In re Marriage of Yabush
220 N.E.3d 21
Ill. App. Ct.2021Background
- Parties divorced by agreed judgment in 2011; child support set at $2,226/month (28% of petitioner’s net base pay) plus 28% of any bonuses/commissions, and annual income documentation required.
- Petitioner (Yabush) was a salesperson at time of judgment; income reported about $138,000 in 2011 but historically fluctuated. Respondent (Melinda) earned about $85,000 in 2011.
- Petitioner formed his own marketing company in late 2017; his income rose to about $513,000 in 2017 and roughly $2.2 million in 2018.
- Petitioner petitioned in 2018 to decrease his child support obligation, arguing the large income increase (and change in employment) was a substantial change in circumstances and that continued application of 28% would produce an unjust windfall to respondent.

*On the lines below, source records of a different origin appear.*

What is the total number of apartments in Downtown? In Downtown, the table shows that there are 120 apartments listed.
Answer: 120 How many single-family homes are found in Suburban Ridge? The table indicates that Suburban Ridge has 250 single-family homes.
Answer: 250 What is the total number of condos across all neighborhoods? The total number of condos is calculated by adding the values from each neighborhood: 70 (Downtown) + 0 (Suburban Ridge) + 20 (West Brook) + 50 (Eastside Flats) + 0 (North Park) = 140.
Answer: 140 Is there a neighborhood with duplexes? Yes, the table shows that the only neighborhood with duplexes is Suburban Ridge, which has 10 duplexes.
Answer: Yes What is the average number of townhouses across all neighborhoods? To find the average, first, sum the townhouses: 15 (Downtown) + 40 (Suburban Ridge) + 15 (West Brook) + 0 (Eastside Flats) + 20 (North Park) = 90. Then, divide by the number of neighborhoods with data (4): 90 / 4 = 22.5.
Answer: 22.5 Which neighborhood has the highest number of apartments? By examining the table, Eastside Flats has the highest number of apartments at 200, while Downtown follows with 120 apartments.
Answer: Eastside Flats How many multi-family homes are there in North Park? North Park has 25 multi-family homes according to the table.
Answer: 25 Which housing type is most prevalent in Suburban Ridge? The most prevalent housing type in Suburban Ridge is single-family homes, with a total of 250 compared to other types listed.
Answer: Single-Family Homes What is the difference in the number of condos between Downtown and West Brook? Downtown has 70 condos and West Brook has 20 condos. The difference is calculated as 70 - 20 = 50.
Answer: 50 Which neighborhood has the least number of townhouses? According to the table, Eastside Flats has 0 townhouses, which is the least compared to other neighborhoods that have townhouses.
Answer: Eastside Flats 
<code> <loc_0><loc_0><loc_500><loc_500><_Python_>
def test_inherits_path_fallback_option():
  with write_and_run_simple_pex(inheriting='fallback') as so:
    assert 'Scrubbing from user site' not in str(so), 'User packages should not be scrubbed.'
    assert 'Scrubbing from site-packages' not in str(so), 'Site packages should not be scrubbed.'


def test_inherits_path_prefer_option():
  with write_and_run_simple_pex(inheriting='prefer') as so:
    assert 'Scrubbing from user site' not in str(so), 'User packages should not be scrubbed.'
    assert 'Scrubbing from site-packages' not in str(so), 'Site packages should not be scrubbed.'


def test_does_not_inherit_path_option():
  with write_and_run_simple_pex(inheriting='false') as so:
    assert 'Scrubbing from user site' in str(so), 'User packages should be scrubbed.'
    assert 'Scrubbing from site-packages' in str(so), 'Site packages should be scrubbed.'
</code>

- Trial court denied modification, finding the dissolution judgment’s language (28% of bonuses/commissions) showed the parties contemplated fluctuating performance pay and therefore petitioner’s income increase was not a substantial change in circumstances; appellant appealed and the appellate court reversed and remanded.
Issues
| Issue | Yabush (Plaintiff/Appellant) | Melinda (Defendant/Appellee) | Held |
|---|---|---|---|
| Whether petitioner’s jump to ~$2.2M constitutes a "substantial change in circumstances" supporting modification of child support | The 16x income increase and change to new business/compensation is a substantial change warranting reconsideration of support | The settlement’s 28% provision for bonuses/commissions shows the parties anticipated performance-based income fluctuations, so the increase was contemplated and not a substantial change | Reversed: appellate court held the scale and source of the increase (formation of petitioner’s own company and seven-figure income) was not shown to have been contemplated by the agreement and could be a substantial change |
| Whether the marital settlement’s "bonus/commission" clause precludes finding a substantial change | Clause covers performance-based pay but does not say it covers any and all additional income or new forms of compensation; thus it does not foreclose modification | Clause should be read as a true-up that contemplates additional income, so no modification is needed | Held for appellant: clause only expressly covered bonuses/commissions, not a wholesale change in employment or seven-figure earnings from a new company — the court erred in finding the parties contemplated this magnitude/type of increase |
| Whether the appeal was properly before the appellate court given post-judgment proceedings | Yabush argued appeal became effective when remaining matters were resolved and proper notices were filed | Melinda argued earlier filings were premature because other matters remained pending (no Rule 304(a) finding) | Appellate court found jurisdiction: post-entry of a December 4, 2020 agreed custody order all matters were resolved and the appeal complied with Rules 301/303; appellate review proceeds |
Key Cases Cited
- In re Marriage of Singleteary, 293 Ill. App. 3d 25 (1997) (increase in obligor’s income may constitute a substantial change)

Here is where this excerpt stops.